An anchor wants to divide the processing of their online ("base") account between machines. That
way, each machine will submit transactions from its local account and keep track of its own
sequence number.

  • Each machine gets a key pair associated with it. For this example, let’s say there are 3
    machines: Machine_1, Machine_2, and Machine_3.
  • All three machines are added as Signers to the anchor’s base account BaseAccount, with
    a weight that gives each individual key the ability to perform medium security transactions. The
    worker machines can then sign on behalf of the base account. For more on signing, please refer
    to our multisig documentation.
  • When a machine (say Machine_2) wants to submit a transaction to the network, it constructs the
    following transaction:

    • Source Account = Machine_2
    • Sequence Number = Sequence number of Machine_2‘s account
    • Operation 1
    • Source Account = BaseAccount
    • Payment (USD) –> DestinationAccount

Signatures

  • Operation 1: Requires the signatures from BaseAccount to meet medium threshold for a Payment
    operation. Since Machine_2 is a signer on BaseAccount which meets medium threshold, the
    signature is valid and sufficient.
  • Transaction: Requires signatures for Machine_2 to meet low threshold since Machine_2 is the
    source for the entire transaction. Without changing the thresholds for Machine_2,
    Machine_2‘s key will already be able to perform up to high security operations, and will be
    valid and sufficient.

The benefit of this scheme is that each machine can increment its sequence number and submit a
transaction without invalidating any transactions submitted by the other machines. Recall from our
transactions documentation that all transactions from a source account have
their own specific sequence number. Using worker machines, each with their own separate account,
allows an anchor to submit as many transactions as possible without sequence number collisions.

3. Long-lived Transactions

Transactions that require multiple parties to sign, such as the exchange transaction between Anush
and Bridget from example #1, can take an arbitrarily long time. Because all transactions are
constructed with specific sequence numbers, waiting on the signatures can block Anush’s account. To
avoid this situation, a scheme similar to Example #2 can be used.
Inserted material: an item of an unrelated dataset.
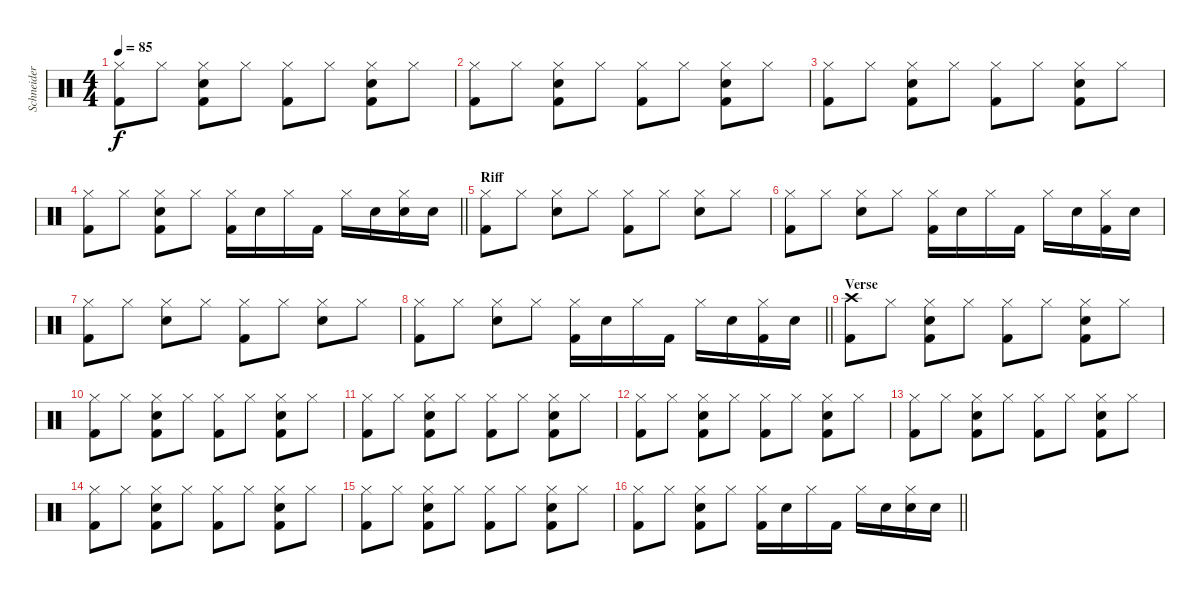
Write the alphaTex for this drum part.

Anush would create a temporary account Anush_temp, fund Anush_temp with XLM, and add the
Anush_account public key as signer to Anush_temp with a weight crossing at least the low
threshold.

A transaction is then constructed:

  • Source Account = Anush_temp
  • Sequence Number = Sequence number of Anush_temp‘s account
  • Operation 1
    • Source Account = Anush_account
    • Payment (XLM) -> Bridget_account
  • Operation 2
    • Source Account = Bridget_account
    • Payment (BTC) -> Anush_account

Signatures

  • Operation 1: Requires the signatures from Anush_account to meet the medium threshold for a
    Payment operation.
  • Operation 2: Requires the signatures from Bridget_account to meet the medium threshold for a
    Payment operation.
  • Transaction: Requires the signatures for Anush_temp to meet low threshold since Anush_temp is
    the source for the entire transaction.
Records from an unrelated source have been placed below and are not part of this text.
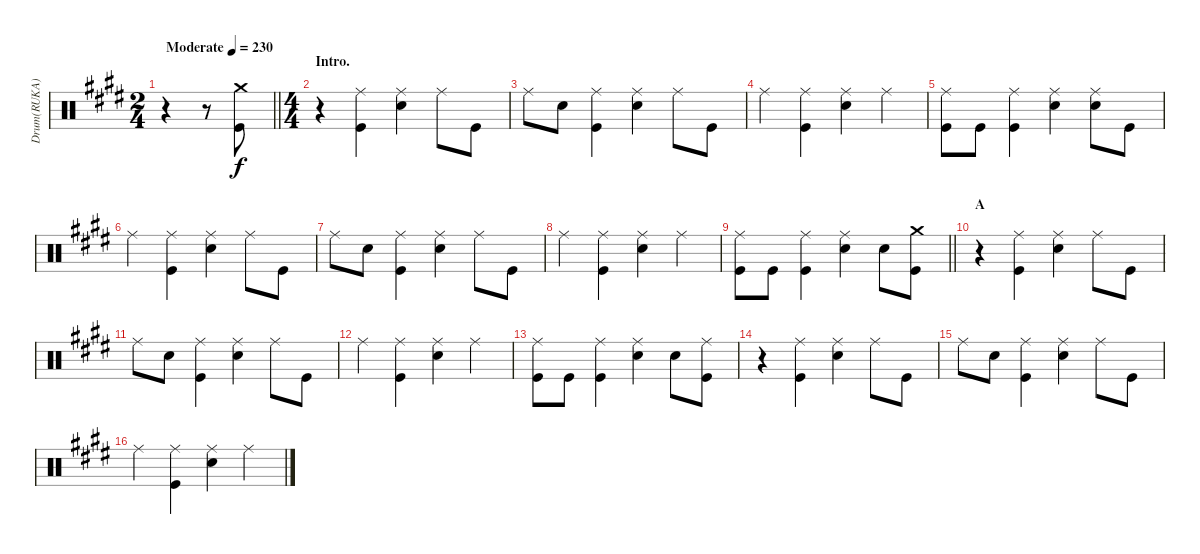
\track ("Drum(RUKA)" "Drum(RUKA)") {instrument percussion}
\staff {score}
\articulation defaults
\ts (2 4)
\tempo (230 "Moderate")
\clef neutral
\barLineRight lightlight
\ks e
r.4{dy f} r.8 ("Crash medium (hit)" "Kick (hit)").8 |
\ts (4 4)
\section ("" "Intro.")
r.4 ("Ride (middle)" "Kick (hit)").4 ("Ride (middle)" "Electric Snare (hit)").4 "Ride (middle)".8 "Kick (hit)".8 |
"Ride (middle)".8 "Electric Snare (hit)".8 ("Ride (middle)" "Kick (hit)").4 ("Ride (middle)" "Electric Snare (hit)").4 "Ride (middle)".8 "Kick (hit)".8 |
"Ride (middle)".4 ("Ride (middle)" "Kick (hit)").4 ("Ride (middle)" "Electric Snare (hit)").4 "Ride (middle)".4 |
("Ride (middle)" "Kick (hit)").8 "Kick (hit)".8 ("Ride (middle)" "Kick (hit)").4 ("Ride (middle)" "Electric Snare (hit)").4 ("Ride (middle)" "Electric Snare (hit)").8 "Kick (hit)".8 |
"Ride (middle)".4 ("Ride (middle)" "Kick (hit)").4 ("Ride (middle)" "Electric Snare (hit)").4 "Ride (middle)".8 "Kick (hit)".8 |
"Ride (middle)".8 "Electric Snare (hit)".8 ("Ride (middle)" "Kick (hit)").4 ("Ride (middle)" "Electric Snare (hit)").4 "Ride (middle)".8 "Kick (hit)".8 |
"Ride (middle)".4 ("Ride (middle)" "Kick (hit)").4 ("Ride (middle)" "Electric Snare (hit)").4 "Ride (middle)".4 |
\barLineRight lightlight
("Ride (middle)" "Kick (hit)").8 "Kick (hit)".8 ("Ride (middle)" "Kick (hit)").4 ("Ride (middle)" "Electric Snare (hit)").4 "Electric Snare (hit)".8 ("Crash medium (hit)" "Kick (hit)").8 |
\section ("" "A")
r.4 ("Ride (middle)" "Kick (hit)").4 ("Ride (middle)" "Electric Snare (hit)").4 "Ride (middle)".8 "Kick (hit)".8 |
"Ride (middle)".8 "Electric Snare (hit)".8 ("Ride (middle)" "Kick (hit)").4 ("Ride (middle)" "Electric Snare (hit)").4 "Ride (middle)".8 "Kick (hit)".8 |
"Ride (middle)".4 ("Ride (middle)" "Kick (hit)").4 ("Ride (middle)" "Electric Snare (hit)").4 "Ride (middle)".4 |
("Ride (middle)" "Kick (hit)").8 "Kick (hit)".8 ("Ride (middle)" "Kick (hit)").4 ("Ride (middle)" "Electric Snare (hit)").4 "Electric Snare (hit)".8 ("Ride (middle)" "Kick (hit)").8 |
r.4 ("Ride (middle)" "Kick (hit)").4 ("Ride (middle)" "Electric Snare (hit)").4 "Ride (middle)".8 "Kick (hit)".8 |
"Ride (middle)".8 "Electric Snare (hit)".8 ("Ride (middle)" "Kick (hit)").4 ("Ride (middle)" "Electric Snare (hit)").4 "Ride (middle)".8 "Kick (hit)".8 |
"Ride (middle)".4 ("Ride (middle)" "Kick (hit)").4 ("Ride (middle)" "Electric Snare (hit)").4 "Ride (middle)".4
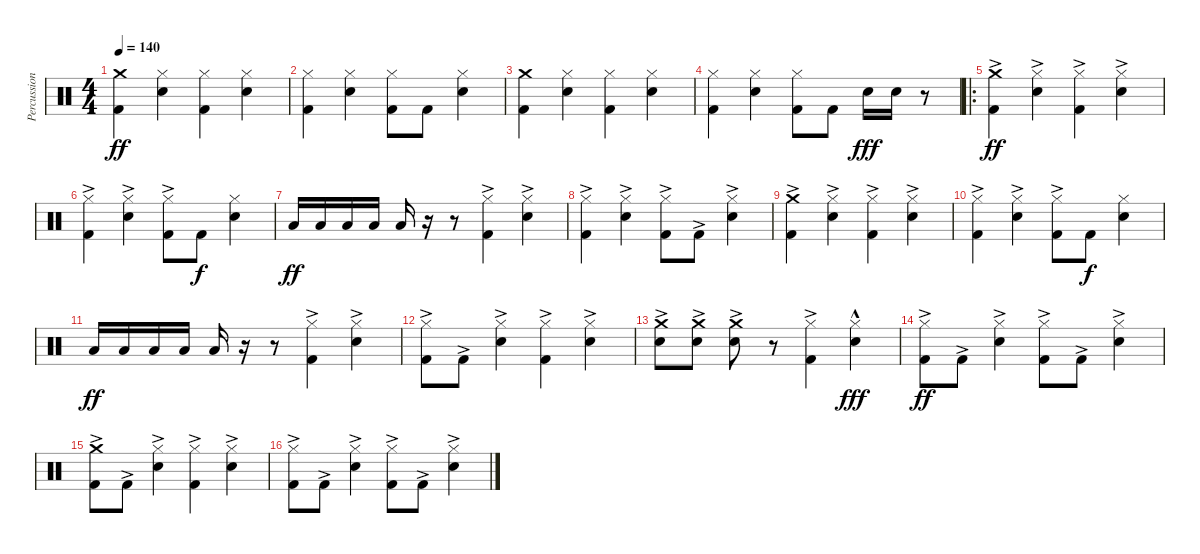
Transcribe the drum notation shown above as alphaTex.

\track ("Percussion" "Percussion") {instrument percussion}
\staff {score}
\articulation defaults
\ts (4 4)
\tempo 140
\clef neutral
\ks c
("Crash medium (hit)" "Kick (hit) 2").4{dy ff} ("Hi-Hat (closed)" "Snare (hit) 2").4 ("Hi-Hat (closed)" "Kick (hit) 2").4 ("Hi-Hat (closed)" "Snare (hit) 2").4 |
("Hi-Hat (closed)" "Kick (hit) 2").4 ("Hi-Hat (closed)" "Snare (hit) 2").4 ("Hi-Hat (closed)" "Kick (hit) 2").8 "Kick (hit) 2".8 ("Hi-Hat (closed)" "Snare (hit) 2").4 |
("Crash medium (hit)" "Kick (hit) 2").4 ("Hi-Hat (closed)" "Snare (hit) 2").4 ("Hi-Hat (closed)" "Kick (hit) 2").4 ("Hi-Hat (closed)" "Snare (hit) 2").4 |
("Hi-Hat (closed)" "Kick (hit) 2").4 ("Hi-Hat (closed)" "Snare (hit) 2").4 ("Hi-Hat (closed)" "Kick (hit) 2").8 "Kick (hit) 2".8 "Snare (hit) 2".16{dy fff} "Snare (hit) 2".16 r.8 |
\ro
("Crash medium (hit)" "Kick (hit) 2"{ac}).4{dy ff} ("Hi-Hat (closed)" "Snare (hit) 2"{ac}).4 ("Hi-Hat (closed)" "Kick (hit) 2"{ac}).4 ("Hi-Hat (closed)" "Snare (hit) 2"{ac}).4 |
("Hi-Hat (closed)" "Kick (hit) 2"{ac}).4 ("Hi-Hat (closed)" "Snare (hit) 2"{ac}).4 ("Hi-Hat (closed)" "Kick (hit) 2"{ac}).8 "Kick (hit) 2".8{dy f} ("Hi-Hat (closed)" "Snare (hit) 2").4 |
"Low Floor Tom (hit)".16{dy ff} "Low Floor Tom (hit)".16 "Low Floor Tom (hit)".16 "Low Floor Tom (hit)".16 "Low Floor Tom (hit)".16 r.16 r.8 ("Hi-Hat (closed)" "Kick (hit) 2"{ac}).4 ("Hi-Hat (closed)" "Snare (hit) 2"{ac}).4 |
("Hi-Hat (closed)" "Kick (hit) 2"{ac}).4 ("Hi-Hat (closed)" "Snare (hit) 2"{ac}).4 ("Hi-Hat (closed)" "Kick (hit) 2"{ac}).8 "Kick (hit) 2"{ac}.8 ("Hi-Hat (closed)" "Snare (hit) 2"{ac}).4 |
("Crash medium (hit)" "Kick (hit) 2"{ac}).4 ("Hi-Hat (closed)" "Snare (hit) 2"{ac}).4 ("Hi-Hat (closed)" "Kick (hit) 2"{ac}).4 ("Hi-Hat (closed)" "Snare (hit) 2"{ac}).4 |
("Hi-Hat (closed)" "Kick (hit) 2"{ac}).4 ("Hi-Hat (closed)" "Snare (hit) 2"{ac}).4 ("Hi-Hat (closed)" "Kick (hit) 2"{ac}).8 "Kick (hit) 2".8{dy f} ("Hi-Hat (closed)" "Snare (hit) 2").4 |
"Low Floor Tom (hit)".16{dy ff} "Low Floor Tom (hit)".16 "Low Floor Tom (hit)".16 "Low Floor Tom (hit)".16 "Low Floor Tom (hit)".16 r.16 r.8 ("Hi-Hat (closed)" "Kick (hit) 2"{ac}).4 ("Hi-Hat (closed)" "Snare (hit) 2"{ac}).4 |
("Hi-Hat (closed)" "Kick (hit) 2"{ac}).8 "Kick (hit) 2"{ac}.8 ("Hi-Hat (closed)" "Snare (hit) 2"{ac}).4 ("Hi-Hat (closed)" "Kick (hit) 2"{ac}).4 ("Hi-Hat (closed)" "Snare (hit) 2"{ac}).4 |
("Crash medium (hit)" "Snare (hit) 2"{ac}).8 ("Crash medium (hit)" "Snare (hit) 2"{ac}).8 ("Crash medium (hit)" "Snare (hit) 2"{ac}).8 r.8 ("Hi-Hat (closed)" "Kick (hit) 2"{ac}).4 ("Hi-Hat (closed)" "Snare (hit) 2"{hac}).4{dy fff} |
("Hi-Hat (closed)" "Kick (hit) 2"{ac}).8{dy ff} "Kick (hit) 2"{ac}.8 ("Hi-Hat (closed)" "Snare (hit) 2"{ac}).4 ("Hi-Hat (closed)" "Kick (hit) 2"{ac}).8 "Kick (hit) 2"{ac}.8 ("Hi-Hat (closed)" "Snare (hit) 2"{ac}).4 |
("Crash medium (hit)" "Kick (hit) 2"{ac}).8 "Kick (hit) 2"{ac}.8 ("Hi-Hat (closed)" "Snare (hit) 2"{ac}).4 ("Hi-Hat (closed)" "Kick (hit) 2"{ac}).4 ("Hi-Hat (closed)" "Snare (hit) 2"{ac}).4 |
("Hi-Hat (closed)" "Kick (hit) 2"{ac}).8 "Kick (hit) 2"{ac}.8 ("Hi-Hat (closed)" "Snare (hit) 2"{ac}).4 ("Hi-Hat (closed)" "Kick (hit) 2"{ac}).8 "Kick (hit) 2"{ac}.8 ("Hi-Hat (closed)" "Snare (hit) 2"{ac}).4

All of these requirements would be met by having Anush_account and Bridget_account with the
current setup, but with the additional benefit that the sequence number consumed will be from
account Anush_temp. This allows Anush_account to continue to perform other operations while
awaiting signature.

If Anush_account wants to recover the XLM balance from Anush_temp used to fund the account, an
additional operation "Operation 3" can be included in the transaction. If you want to do this,
Anush_temp must add Anush_account as a signer with a weight that crosses the high threshold:

  • Operation 3
    • Source Account = null (Inferred to be Anush_temp from the transaction source account)
    • Account Merge -> Anush_account

This will ultimately merge Anush_temp‘s balance into Anush_account.